The DBs tab, unsurprisingly, empowers you to administer any databases you want to use from the sites handled by roxen server; from creating and grouping up to moving, backing up, browsing and tweaking or dropping databases at your leisure. You will also find some info on the backend MySQL database used internally by Roxen.
Below the main subtab, Databases, you find a list of the registered databases and what sites have what access rights to their contents; N for no rights, R for read and W for both read and write rights. At the far right is indicated whether the database resides in the internal database - the MySQL database shipped with Roxen, or if it's a remote, external database, and finally how big its contents is, altogether.
The databases are grouped together in database groups by category; there's the ones used by Roxen itself for the documentation tab and the local storage (holding all sorts of caches, for example), and then there may be any number of other groups created by modules or yourself as an administrator for your own purposes.
You create a database group of your own by clicking the Create new group button. If you intend to have several databases created or imported right away from a particular MySQL server, you may write a database URL to that server, leaving out the (already filled-in) mysql:// part, for example root@dbhost. This will prompt you with a list of all the databases available at dbhost to import into the group right away, relieving you of some boring work.
The group name won't show up in the main view until you have put some databases in it, either by importing this way, or by creating a new database, assigning it to the group. Be sure to come up with intuitive group names do write good comments of the purpose of your database groups, as a reminder to yourself and the co-administrators of your server, if any; they will most likely be happy you did. :) You may review this comment at any time by clicking on the database group name in the Databases view.
Each database name on the left on the Databases tab is a clickable that link zooms in on the database in question, showing its database URL, the tables it holds, how many rows they have and the total size of the table's data - you may resort the list by clicking on either column. Clicking on a table reveals a brief list of its fields.

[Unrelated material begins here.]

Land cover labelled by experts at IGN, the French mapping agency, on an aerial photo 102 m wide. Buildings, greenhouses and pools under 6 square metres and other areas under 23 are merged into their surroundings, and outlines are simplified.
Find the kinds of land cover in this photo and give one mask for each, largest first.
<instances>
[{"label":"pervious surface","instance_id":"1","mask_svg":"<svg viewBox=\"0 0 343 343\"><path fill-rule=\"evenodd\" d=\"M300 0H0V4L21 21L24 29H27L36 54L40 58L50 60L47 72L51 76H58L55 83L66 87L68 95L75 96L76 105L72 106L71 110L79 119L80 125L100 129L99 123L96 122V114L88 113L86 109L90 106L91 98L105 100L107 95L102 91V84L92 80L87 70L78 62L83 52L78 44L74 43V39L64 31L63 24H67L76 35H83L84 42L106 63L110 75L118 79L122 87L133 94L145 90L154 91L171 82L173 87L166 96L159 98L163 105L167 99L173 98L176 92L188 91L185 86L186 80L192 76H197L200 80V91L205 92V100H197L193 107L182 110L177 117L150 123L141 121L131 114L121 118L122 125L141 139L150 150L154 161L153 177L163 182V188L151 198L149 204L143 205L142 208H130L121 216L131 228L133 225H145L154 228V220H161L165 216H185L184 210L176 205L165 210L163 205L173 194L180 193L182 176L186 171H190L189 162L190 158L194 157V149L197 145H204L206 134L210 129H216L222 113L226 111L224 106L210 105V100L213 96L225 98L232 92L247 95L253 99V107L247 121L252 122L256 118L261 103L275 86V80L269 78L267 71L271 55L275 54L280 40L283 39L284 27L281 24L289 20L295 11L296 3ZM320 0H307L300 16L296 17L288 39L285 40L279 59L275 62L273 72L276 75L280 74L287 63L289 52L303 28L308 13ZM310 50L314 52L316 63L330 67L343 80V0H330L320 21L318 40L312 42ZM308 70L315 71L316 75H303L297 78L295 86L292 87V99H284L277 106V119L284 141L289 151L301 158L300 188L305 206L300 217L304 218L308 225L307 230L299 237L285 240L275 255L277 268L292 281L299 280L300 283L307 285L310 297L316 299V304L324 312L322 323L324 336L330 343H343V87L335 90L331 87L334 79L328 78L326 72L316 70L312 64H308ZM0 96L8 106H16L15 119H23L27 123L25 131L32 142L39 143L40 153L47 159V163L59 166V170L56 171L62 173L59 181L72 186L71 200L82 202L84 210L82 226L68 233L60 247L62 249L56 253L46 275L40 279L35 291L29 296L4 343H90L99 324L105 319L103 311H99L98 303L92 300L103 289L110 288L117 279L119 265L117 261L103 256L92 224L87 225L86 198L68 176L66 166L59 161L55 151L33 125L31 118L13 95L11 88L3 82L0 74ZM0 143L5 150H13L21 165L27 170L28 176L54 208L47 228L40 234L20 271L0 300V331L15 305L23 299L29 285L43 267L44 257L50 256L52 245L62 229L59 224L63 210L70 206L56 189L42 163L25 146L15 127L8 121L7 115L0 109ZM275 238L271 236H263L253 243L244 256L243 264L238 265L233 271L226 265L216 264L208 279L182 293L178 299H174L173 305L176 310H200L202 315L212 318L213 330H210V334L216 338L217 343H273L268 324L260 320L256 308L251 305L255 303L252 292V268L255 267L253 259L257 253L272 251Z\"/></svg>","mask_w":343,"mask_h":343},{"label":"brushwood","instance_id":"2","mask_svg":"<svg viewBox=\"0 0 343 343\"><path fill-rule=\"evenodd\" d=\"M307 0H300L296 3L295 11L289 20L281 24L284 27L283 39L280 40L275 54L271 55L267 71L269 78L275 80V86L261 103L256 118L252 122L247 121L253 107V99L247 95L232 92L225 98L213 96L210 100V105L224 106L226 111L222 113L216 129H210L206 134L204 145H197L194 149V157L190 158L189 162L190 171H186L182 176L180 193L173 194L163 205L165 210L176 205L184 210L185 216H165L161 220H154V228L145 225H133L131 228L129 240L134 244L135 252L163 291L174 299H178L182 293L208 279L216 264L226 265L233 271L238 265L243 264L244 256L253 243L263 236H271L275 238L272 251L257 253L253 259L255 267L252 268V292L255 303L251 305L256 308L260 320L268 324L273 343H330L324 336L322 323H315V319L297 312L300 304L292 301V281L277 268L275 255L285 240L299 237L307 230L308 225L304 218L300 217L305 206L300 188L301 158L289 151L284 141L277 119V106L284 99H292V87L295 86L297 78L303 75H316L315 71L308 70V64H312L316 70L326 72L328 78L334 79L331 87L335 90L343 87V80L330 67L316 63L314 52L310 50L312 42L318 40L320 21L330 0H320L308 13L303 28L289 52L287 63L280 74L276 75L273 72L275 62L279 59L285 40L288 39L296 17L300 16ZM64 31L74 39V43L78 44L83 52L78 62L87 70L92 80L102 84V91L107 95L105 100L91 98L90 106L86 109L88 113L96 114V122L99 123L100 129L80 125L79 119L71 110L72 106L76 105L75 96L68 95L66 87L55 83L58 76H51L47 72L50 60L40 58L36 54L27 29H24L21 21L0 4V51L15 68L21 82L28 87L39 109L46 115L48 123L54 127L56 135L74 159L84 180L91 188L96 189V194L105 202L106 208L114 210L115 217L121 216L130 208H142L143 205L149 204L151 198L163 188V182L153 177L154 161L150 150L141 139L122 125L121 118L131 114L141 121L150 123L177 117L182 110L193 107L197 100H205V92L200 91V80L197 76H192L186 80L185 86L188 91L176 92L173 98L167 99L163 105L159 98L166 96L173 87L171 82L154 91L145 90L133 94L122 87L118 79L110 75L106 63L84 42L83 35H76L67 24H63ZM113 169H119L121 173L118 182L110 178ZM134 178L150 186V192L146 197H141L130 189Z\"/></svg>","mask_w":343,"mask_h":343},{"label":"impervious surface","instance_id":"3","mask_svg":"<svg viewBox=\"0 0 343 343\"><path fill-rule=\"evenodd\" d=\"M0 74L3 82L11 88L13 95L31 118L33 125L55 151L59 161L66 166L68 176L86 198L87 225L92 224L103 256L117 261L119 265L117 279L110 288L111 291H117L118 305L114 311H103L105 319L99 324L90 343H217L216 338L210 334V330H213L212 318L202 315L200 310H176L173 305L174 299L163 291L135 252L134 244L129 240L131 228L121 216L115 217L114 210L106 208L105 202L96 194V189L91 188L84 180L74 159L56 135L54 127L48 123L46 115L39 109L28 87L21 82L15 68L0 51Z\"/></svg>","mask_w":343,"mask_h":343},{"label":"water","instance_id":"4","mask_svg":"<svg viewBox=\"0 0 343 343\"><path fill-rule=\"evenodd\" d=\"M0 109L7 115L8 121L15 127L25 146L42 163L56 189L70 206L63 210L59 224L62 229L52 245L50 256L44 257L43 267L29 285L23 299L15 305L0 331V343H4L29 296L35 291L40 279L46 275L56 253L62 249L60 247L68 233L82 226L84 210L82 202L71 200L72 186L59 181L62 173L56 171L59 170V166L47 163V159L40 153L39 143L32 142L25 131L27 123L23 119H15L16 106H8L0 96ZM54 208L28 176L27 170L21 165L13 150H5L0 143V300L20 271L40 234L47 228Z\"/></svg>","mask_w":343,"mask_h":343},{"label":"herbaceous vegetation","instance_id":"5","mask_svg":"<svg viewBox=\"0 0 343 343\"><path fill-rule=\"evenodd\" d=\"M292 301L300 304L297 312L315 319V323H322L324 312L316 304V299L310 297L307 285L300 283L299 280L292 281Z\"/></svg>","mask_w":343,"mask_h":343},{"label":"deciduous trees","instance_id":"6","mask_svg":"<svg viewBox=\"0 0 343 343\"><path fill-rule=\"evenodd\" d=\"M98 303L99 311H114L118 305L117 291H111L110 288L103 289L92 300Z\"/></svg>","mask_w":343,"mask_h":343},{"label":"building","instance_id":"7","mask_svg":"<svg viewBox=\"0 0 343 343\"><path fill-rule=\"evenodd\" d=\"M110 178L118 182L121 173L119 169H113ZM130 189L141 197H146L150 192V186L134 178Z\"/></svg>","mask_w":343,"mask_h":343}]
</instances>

Below the list is a text field where you may write SQL queries of your own, to browse or alter its contents, or perform any other administrative actions your database engine might support via its SQL interface. The query is run right away when you press the Run query button, and its results printed below the textfield on the result page. When zooming down on a table you haven't already performed a query on, the query field suggests listing all columns declared as text, integers and similar readable data. Should you select blobs that turn out to be images, Roxen graciously presents them to your browser as image links instead of huge blobs of binary data - try looking at the image cache for GButton in the local database, for instance.
Creating New Databases
At the bottom of the Databases page, you can create or add new databases to the list with the Create new database button. The name you choose for the database will be the name you use as the db attribute of queries using the <emit sql> tag later on, so it's a good idea to use a name that is easy to type and identify the database for the RXML author.
An internal database will be both created (in the bundled internal MySQL database) and added to the view, whereas an external database will just be added - if it didn't exist, an error is reported. When creating an external database, you must fill in a database URL to the database server (e g mysql://root@dbhost/), or to a particular database itself (such as mysql://root@dbhost/customers). The database will be listed below the category of your choice, and when you create internal databases, the category can also decide in what database server the database will be created. Again, you are encouraged to add a helpful comment about the database; it will be shown when browsing the database later on, so here is where you write the reminders you will later wish you had given the effort to write, trying to get reaquainted with the dusty old database from last year. :-)
When focusing a database, a new array of action buttons is made available:
All databases backed-up using the Make a backup button above end up below this subtab, and upon restoring one, you are prompted of what tables you want and what database to read them back to. If you want to read them back to a new database, be sure to create one first. The default choice is the source database it was backed up from.
In the list, organised by database name, you will see the paths to all database backups, when they were made, their name and buttons to restore or delete them. Deleting a backup is performed with no questions asked, so be sure to know what you are up to.
The last subtab, finally, lists current status info and details on what the bundled MySQL server is up to, version information, active connections and various other useful debugging data.